Re: "Advanced" query language

Posted by Chris Hostetter <ho...@fucit.org>.
: This example code looks interesting. If I understand
: correctly using this approach requires that builders
: like the "q" QueryObjectBuilder instance must be
: explicitly registered with each and every builder that
: consumes its type of output eg BQOB and FQOB. An

correct.

: provider for the class (Query) at runtime. I presume
: doing it your way is a deliberate design choice in
: order to validate at compile time that a particular
: parser configuration has all of the necessary builders
: in place to support incoming XML. That seems like a

err... more to validate at compile time that some Builder which
wraps another Builder isn't expecting the inner builder to return a Query
when the inner builder is garunteed to only ever return a Filter.  the
situation might still come up where the incoming XML doesn't match the
expectation of hte code, at which point the inner builder can say "i don't
have the attributes/data i need to construct an object, so i'm throwing an
exception"

: reasonable approach.
: If I get some time I'll look at implementing something
: based on this.

two other things about an approach like this that occured to me while
i was trying to sleep are:

1) the Builder interfaces don't need to exactly mirror the object
hierarchy, in some cases what really makes sense is an interface per
"trait" so an interface like a "SloppyBuilder" can be implimented by the
PhraseQueryObjectBuilder and a SpanNearQueryObjectBuilder (which also
impliments SpannyBuilder) so builders that expect the nested XML they get
to contain stuff that has slop can require you register a SloppyBuilder
with them.

2) requiring that each builder be explicitly passed a refrence to a
builder of each type it wants to know about is a pain .. and it might be a
dangerous pain if you're trying to "replace" one builder with another one
-- ie: consider the case where a default set of builders exists, and you
ant to replace all uses of PhraseQuery with a SpanNearQuery ... you
remember to replace/override the delegation in QueryBuilder .. but maybe
there's some other Builder that wraps PhraseQuery's you forgot about.

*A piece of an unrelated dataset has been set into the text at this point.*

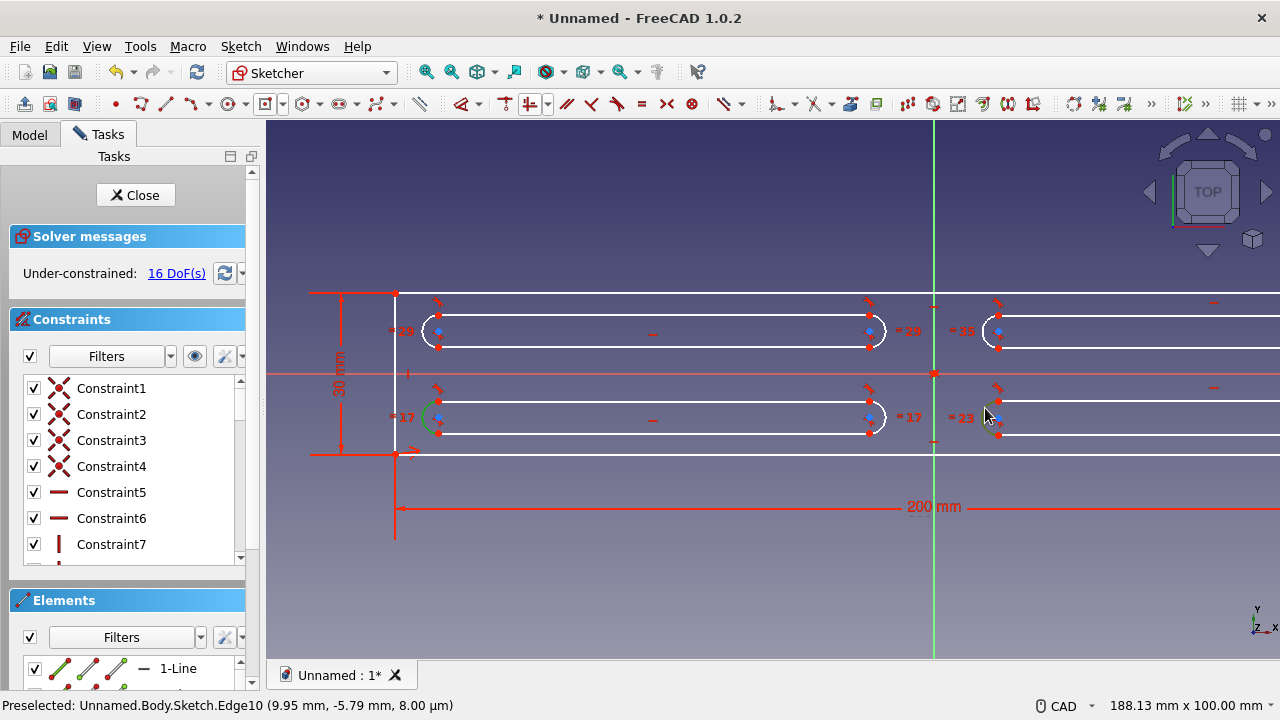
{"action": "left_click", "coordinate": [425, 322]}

A static pointer could be stored in the interface itself, so that if you
want to redifine the builder that gets used when you want a
"SloppyBuilder" you just access SloppyBuilder.INSTANCE....

public interface QueryBuilder extends ObjectBuilder {
    public static QueryBuilder INSTANCE;
    public Query process(Node n);
}
public interface SloppyBuilder extends QueryBuilder {
    public static SloppyBuilder INSTANCE;
}

... but that requires a single set of registered ObjectBuilders per JVM,
so i'm not fond of the idea ... but perhaps the someone can think of a way
that the same overall concept could be applied in a more general way.




-Hoss


---------------------------------------------------------------------
To unsubscribe, e-mail: java-dev-unsubscribe@lucene.apache.org
For additional commands, e-mail: java-dev-help@lucene.apache.org


Re: "Advanced" query language

Posted by mark harwood <ma...@yahoo.co.uk>.
This example code looks interesting. If I understand
correctly using this approach requires that builders
like the "q" QueryObjectBuilder instance must be
explicitly registered with each and every builder that
consumes its type of output eg BQOB and FQOB. An
alternative would be to register "q" just once with
the parser as the provider of Query objects and let
BQOB and FQOB and others look up the registered
provider for the class (Query) at runtime. I presume
doing it your way is a deliberate design choice in
order to validate at compile time that a particular
parser configuration has all of the necessary builders
in place to support incoming XML. That seems like a
reasonable approach.
If I get some time I'll look at implementing something
based on this.

Cheers
Mark


		
___________________________________________________________ 
Yahoo! Photos – NEW, now offering a quality print service from just 8p a photo http://uk.photos.yahoo.com

---------------------------------------------------------------------
To unsubscribe, e-mail: java-dev-unsubscribe@lucene.apache.org
For additional commands, e-mail: java-dev-help@lucene.apache.org


Re: "Advanced" query language

Posted by Chris Hostetter <ho...@fucit.org>.
: I'd still like to keep the parser core reasonably generic (ie
: java.lang.Object rather than Query or Filter) because I can see it being
: used for instantiating many different types of objects eg requests for
: GroupBy , highlighting,  indexing, testing etc.
: As for your type-safety requirement, one approach I considered which
: supports an extensible list of types with type safety was to use a
: reflection-based API like this:

Interesting approach.  I'm generally leary of reflection, but it's just my
prejudice, i have no legitimate objection to the idea.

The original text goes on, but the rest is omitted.